With moderate caisson disease, Meniere’s syndrome is observed, due to damage to the balance organ and including dizziness, headache, pallor, sweating, nausea, vomiting. Disorders of the gastrointestinal tract are manifested by pain, vomiting and diarrhea. Retinal vascular spasm is accompanied by the appearance of photomorphopsies, “flies” and “fog” in front of the eyes. The severe form is characterized by lower spastic paraplegia, pelvic disorders, impaired sensitivity in the lower half of the body according to the conductor type. Sometimes there are hemiparesis or hemiplegia, headaches, speech disorders, psychotic disorders of a transient nature.
Cardiovascular and respiratory symptoms are found in severe form and reach the greatest severity in the lethal variant of the disease. Weakness, pallor, shortness of breath, intense chest pain, cough, falling blood pressure are determined. With the progression of symptoms, pulmonary edema develops, breathing becomes frequent, shallow, the pulse slows down, the skin becomes bluish or pale gray. Lung and myocardial infarctions are possible. The lethal form is accompanied by acute heart failure, asphyxia due to blockage of pulmonary circulation or violation of the regulation of respiration by the medulla oblongata.
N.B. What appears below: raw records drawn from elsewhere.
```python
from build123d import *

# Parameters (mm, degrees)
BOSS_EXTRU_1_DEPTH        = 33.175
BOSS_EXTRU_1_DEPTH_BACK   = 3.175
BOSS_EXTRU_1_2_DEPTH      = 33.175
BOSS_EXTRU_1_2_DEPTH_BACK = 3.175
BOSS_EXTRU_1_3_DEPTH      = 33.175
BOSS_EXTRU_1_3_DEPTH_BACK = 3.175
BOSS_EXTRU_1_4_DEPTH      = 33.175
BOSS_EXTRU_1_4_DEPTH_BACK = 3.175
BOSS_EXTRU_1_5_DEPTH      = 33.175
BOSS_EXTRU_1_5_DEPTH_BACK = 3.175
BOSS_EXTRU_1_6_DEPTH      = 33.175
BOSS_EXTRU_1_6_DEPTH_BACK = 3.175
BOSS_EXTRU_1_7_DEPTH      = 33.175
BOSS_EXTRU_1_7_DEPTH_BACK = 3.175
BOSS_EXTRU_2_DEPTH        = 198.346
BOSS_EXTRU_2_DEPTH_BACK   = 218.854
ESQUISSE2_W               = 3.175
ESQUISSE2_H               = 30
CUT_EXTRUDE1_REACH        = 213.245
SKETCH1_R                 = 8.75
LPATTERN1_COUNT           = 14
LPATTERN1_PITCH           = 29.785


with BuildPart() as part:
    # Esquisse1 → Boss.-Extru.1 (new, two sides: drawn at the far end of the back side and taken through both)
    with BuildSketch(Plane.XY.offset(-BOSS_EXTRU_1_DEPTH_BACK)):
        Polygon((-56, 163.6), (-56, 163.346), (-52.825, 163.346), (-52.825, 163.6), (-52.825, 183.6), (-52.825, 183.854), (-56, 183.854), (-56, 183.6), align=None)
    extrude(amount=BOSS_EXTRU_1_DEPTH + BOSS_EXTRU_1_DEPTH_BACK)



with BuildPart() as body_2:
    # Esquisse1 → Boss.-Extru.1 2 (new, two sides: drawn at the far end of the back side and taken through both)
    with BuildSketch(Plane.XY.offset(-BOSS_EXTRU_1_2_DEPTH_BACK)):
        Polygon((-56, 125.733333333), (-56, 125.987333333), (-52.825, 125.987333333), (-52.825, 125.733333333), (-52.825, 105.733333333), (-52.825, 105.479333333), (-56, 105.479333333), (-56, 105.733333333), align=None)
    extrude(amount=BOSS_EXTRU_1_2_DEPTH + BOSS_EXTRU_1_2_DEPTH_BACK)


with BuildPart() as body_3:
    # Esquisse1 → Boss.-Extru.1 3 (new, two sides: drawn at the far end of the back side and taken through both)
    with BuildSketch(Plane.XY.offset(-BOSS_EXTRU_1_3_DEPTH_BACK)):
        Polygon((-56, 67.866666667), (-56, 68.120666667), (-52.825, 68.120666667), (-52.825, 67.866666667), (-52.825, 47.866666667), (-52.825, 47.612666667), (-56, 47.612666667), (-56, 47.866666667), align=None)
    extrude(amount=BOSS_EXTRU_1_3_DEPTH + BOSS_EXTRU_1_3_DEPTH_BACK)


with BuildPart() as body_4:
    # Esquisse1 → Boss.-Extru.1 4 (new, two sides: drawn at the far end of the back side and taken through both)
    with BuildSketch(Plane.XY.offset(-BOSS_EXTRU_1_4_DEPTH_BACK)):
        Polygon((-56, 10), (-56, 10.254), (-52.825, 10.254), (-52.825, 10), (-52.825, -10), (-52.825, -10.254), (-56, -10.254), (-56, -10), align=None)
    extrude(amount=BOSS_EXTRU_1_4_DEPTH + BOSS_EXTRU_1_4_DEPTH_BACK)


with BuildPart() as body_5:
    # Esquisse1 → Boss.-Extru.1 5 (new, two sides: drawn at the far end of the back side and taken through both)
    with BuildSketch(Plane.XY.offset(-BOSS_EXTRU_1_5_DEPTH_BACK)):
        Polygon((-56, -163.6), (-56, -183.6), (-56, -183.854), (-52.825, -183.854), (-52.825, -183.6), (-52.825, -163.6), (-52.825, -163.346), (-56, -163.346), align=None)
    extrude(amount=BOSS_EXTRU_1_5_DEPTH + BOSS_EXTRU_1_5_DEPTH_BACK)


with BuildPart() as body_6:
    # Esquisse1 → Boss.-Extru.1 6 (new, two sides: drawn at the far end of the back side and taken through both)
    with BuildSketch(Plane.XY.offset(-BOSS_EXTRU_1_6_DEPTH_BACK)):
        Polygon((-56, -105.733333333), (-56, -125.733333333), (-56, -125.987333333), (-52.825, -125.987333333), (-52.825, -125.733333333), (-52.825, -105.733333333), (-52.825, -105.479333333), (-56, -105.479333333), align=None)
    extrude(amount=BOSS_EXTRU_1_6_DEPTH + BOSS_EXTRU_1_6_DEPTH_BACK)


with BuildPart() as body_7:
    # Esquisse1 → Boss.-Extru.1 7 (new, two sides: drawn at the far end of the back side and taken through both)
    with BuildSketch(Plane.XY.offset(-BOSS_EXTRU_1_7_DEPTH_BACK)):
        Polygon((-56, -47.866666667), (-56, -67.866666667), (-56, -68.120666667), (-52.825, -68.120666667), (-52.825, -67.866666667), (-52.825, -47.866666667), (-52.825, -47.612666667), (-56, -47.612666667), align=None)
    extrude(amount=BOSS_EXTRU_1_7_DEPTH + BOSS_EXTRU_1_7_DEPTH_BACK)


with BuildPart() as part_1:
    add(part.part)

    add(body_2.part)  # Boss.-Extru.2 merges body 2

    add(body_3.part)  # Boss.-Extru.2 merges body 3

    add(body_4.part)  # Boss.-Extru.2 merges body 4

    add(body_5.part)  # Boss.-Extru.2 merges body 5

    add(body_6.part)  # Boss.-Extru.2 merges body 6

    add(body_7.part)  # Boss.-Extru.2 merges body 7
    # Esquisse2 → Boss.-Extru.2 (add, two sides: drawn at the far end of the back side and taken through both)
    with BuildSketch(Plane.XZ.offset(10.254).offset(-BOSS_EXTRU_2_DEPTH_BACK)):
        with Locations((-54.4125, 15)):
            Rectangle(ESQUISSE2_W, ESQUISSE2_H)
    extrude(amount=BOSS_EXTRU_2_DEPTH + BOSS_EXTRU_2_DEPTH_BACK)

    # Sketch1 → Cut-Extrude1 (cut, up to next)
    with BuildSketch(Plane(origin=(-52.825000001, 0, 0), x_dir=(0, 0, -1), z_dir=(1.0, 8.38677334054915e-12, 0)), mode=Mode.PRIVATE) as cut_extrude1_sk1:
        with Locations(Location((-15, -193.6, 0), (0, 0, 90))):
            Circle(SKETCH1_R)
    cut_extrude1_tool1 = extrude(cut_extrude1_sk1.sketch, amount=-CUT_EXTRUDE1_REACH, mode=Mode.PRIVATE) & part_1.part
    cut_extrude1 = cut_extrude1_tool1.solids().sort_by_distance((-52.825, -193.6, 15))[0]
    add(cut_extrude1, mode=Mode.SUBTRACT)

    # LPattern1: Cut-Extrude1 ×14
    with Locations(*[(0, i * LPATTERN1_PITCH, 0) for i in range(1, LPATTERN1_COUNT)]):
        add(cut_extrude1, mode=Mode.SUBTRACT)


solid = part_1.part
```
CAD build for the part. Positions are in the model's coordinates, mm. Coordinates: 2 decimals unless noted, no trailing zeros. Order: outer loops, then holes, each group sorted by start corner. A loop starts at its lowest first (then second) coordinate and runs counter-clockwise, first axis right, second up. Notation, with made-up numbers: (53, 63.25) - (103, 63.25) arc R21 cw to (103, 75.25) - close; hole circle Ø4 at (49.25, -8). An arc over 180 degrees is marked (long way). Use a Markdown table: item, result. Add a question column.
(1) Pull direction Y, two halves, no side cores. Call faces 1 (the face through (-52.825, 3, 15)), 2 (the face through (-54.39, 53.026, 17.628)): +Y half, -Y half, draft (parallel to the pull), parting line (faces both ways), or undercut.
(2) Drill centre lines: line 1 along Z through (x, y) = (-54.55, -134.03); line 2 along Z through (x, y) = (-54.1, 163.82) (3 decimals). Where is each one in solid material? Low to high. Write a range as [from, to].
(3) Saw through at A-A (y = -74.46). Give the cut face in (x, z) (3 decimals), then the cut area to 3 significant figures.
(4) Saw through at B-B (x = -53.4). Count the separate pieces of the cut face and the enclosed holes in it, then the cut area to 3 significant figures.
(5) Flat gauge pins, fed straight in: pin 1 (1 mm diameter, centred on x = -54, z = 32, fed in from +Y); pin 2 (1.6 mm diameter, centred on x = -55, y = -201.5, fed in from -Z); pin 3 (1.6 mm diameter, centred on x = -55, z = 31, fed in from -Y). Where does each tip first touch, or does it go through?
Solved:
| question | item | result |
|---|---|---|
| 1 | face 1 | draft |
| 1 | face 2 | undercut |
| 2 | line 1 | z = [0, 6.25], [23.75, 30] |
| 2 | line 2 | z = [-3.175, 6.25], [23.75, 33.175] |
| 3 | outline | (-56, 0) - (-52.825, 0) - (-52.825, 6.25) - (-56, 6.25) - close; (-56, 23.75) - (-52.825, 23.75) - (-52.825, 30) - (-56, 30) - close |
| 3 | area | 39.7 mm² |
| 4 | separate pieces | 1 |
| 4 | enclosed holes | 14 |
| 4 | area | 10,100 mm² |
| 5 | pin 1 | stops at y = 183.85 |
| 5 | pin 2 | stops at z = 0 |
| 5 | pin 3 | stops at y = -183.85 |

The most common manifestation of chronic decompression sickness is deforming arthrosis caused by the repeated impact of small bubbles on bone and joint structures. The opinions of scientists regarding cardiac myodegeneration, early atherosclerosis and frequent diseases of the middle ear in people engaged in caisson work differ. Some experts consider these pathologies to be the result of repeated subclinical DCS, others – the result of the influence of other factors that arise when staying at great depth.
Complications
The type and severity of complications are determined by the form of the disease, the timeliness and adequacy of therapeutic measures. The most common consequences of acute decompression sickness are considered to be chronic Meniere’s syndrome and aeropathic myelosis. Other possible complications are pneumonia, myocarditis, endocarditis, cardiodystrophy, cardiosclerosis, paresis, paralysis, sensitivity disorders, aseptic osteonecrosis.
Diagnostics
The acute form of caisson disease is diagnosed based on the patient’s complaints, anamnestic data and the results of an external examination. Radiographs may show gas bubbles in joints, muscle tissue, fascia, tendon sheaths. To determine the state of the central nervous system, tomographic examinations of the spinal cord and brain are prescribed. Confirmation of the diagnosis is the improvement of the patient’s condition during recompression. The examination program for the development of complications is determined by the nature of the alleged pathology, may include ECG, echocardiography, radiography, ultrasound, MRI and CT of various organs.
Treatment
The therapy of the disease, depending on the form and severity of the symptoms of complications, is carried out by resuscitators, traumatologists, occupational pathologists and other specialists. With mild skin, muscle and joint manifestations, observation in dynamics is permissible. In other cases, urgent recompression in a pressure chamber is indicated. Initially, the pressure is increased to the values corresponding to the depth of immersion of the patient. If the victim is in a serious condition, the pressure is applied above the initial one. The minimum duration of recompression is 30 minutes, while the symptoms persist, the procedure is continued until the patient’s condition normalizes. Then a slow decompression is carried out, reducing the pressure by 0.1 atmosphere every 10 minutes. After reducing the pressure to 2 atmospheres, oxygen inhalation is used to accelerate the nitrogen removal process. If signs of DCS appear after normalization of pressure, repeated recompression is performed.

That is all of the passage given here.